O câmbio e a indústria de transformação no Brasil

Há alguns debates que estão recorrentemente presentes entre nós. Nesse sentido, a proposta deste artigo não é inovadora. Compreende-se desde já que uma política econômica se faz em torno de debates complexos, interesses, opções conflitantes e/ou excludentes, correlação de forças sociais, incertezas e que o alerta de Keynes (1936) ainda se mostra válido: “A virtude e o vício não têm papel a desempenhar. Tudo depende da medida com que a taxa de juros seja favorável ao investimento, levando-se em conta a eficiência marginal do capital”.

Voos de galinha da economia se tornaram a norma no Brasil. Desde a implantação do Plano Real notam-se efeitos do câmbio na balança comercial, com destaque para o desempenho da indústria de transformação. Apesar de o câmbio não ser a única variável-chave da competitividade de um país em desenvolvimento, seu efeito não deve ser desconsiderado quando se avaliam as possibilidades de investimento produtivo em setores de mais alto valor agregado.

 


 

Esse parece ser o caso brasileiro. Recentes dados da China, Índia, Brasil e Turquia apontam para uma redução das perspectivas de crescimento econômico, algo que gerará mais capacidade ociosa na indústria instalada nesses países e não estimulará novos investimentos. Não nos surpreende, portanto, que a indústria de transformação no Brasil esteja semi-estagnada há praticamente cinco anos. A qualidade das instituições brasileiras não se deteriorou nesse período.

O otimismo de outrora cedeu espaço à dúvida e ainda existem fortes razões para se acreditar que o crescimento rápido do passado se tornará a exceção, não a nova regra do jogo global. Infelizmente o Brasil não se encontra em posição favorável, pois manteve a política cambial de sobrevalorização do real como instrumento de combate à inflação. A elevação ou redução da taxa básica de juros no Brasil costuma afetar mais diretamente o câmbio e os custos comparativos de produção de setores comercializáveis do que o custo do capital na ponta para pessoas jurídicas e físicas. Cinco bancos concentram aproximadamente 80% do crédito no Brasil, o que lhes confere algum poder de mercado que precisa ser objeto de melhor regulação pública. Não se trata de algo tão novo esse panorama.
 

 

Na primeira metade da década de 1990, o “Estudo da competitividade da indústria brasileira” havia se manifestado contrário à sobrevalorização cambial da moeda brasileira.
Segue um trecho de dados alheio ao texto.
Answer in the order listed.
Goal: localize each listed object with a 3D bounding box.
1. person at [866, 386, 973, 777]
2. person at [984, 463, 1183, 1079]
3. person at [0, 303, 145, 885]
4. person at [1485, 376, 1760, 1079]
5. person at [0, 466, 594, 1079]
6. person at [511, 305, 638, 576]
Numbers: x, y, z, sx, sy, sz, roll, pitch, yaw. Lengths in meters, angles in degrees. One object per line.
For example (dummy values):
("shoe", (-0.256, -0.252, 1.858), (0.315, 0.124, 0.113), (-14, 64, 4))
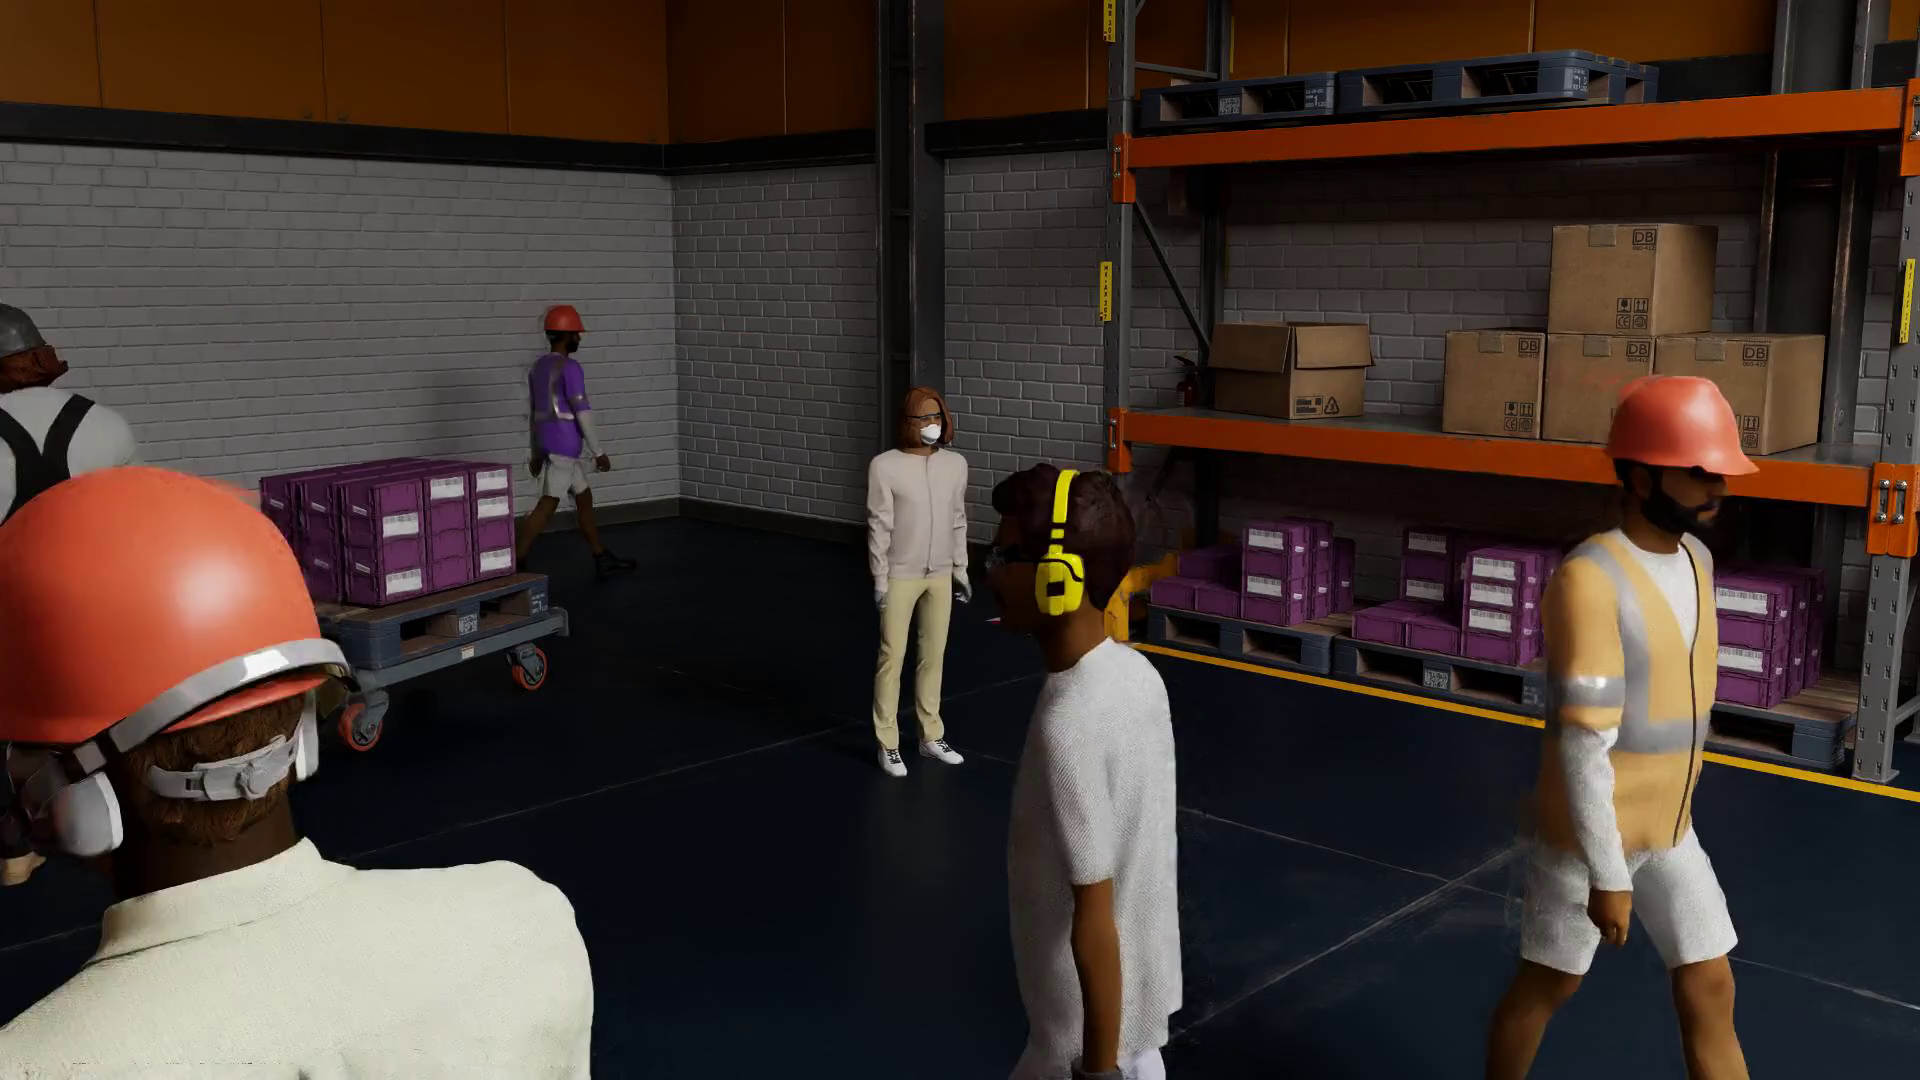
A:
("person", (-0.168, 0.167, 7.029), (0.498, 1.634, 0.284), (-6, 11, -34))
("person", (0.220, 0.780, 2.728), (0.992, 1.824, 0.549), (3, 10, 17))
("person", (-3.214, 0.168, 5.785), (0.708, 2.000, 0.584), (-8, 12, -42))
("person", (1.501, 0.613, 3.495), (0.567, 1.890, 0.958), (-7, 11, -36))
("person", (-0.512, 0.926, 1.327), (0.545, 1.973, 0.636), (8, 12, 40))
("person", (-2.692, -0.629, 11.174), (1.033, 1.889, 0.545), (-7, 11, -35))

Segundo afirmaram Luciano Coutinho e João Carlos Ferraz (1994), essa sobrevalorização levaria ao “aumento exagerado das importações e à desindustrialização de atividades e etapas”. Ainda segundo os autores, “os resultados desta rota são conhecidos: levam a deterioração do balanço de pagamentos, à dependência do influxo de capitais externos especulativos, à vulnerabilidade frente a reversões dos fluxos de capitais, diante da subida súbita das taxas de juros nos países desenvolvidos”. O respectivo estudo não foi objeto de maiores preocupações governamental naqueles tempos.

 

 

A perspectiva vigente de crescimento do déficit em conta corrente do balanço de pagamentos deveria causar preocupação entre nós: a previsão recente do FMI é de déficit em conta corrente girando em torno de 3% do PIB para os dois próximos anos. Nesse sentido, políticas de estímulos intensivos à demanda de consumo não parecem ser as mais recomendadas por hora. Infraestrutura e educação precisam ser as novas prioridades de investimentos públicos e privados no Brasil.

Rodrigo L. Medeiros (D.Sc.) é membro da World Economics Association (WEA).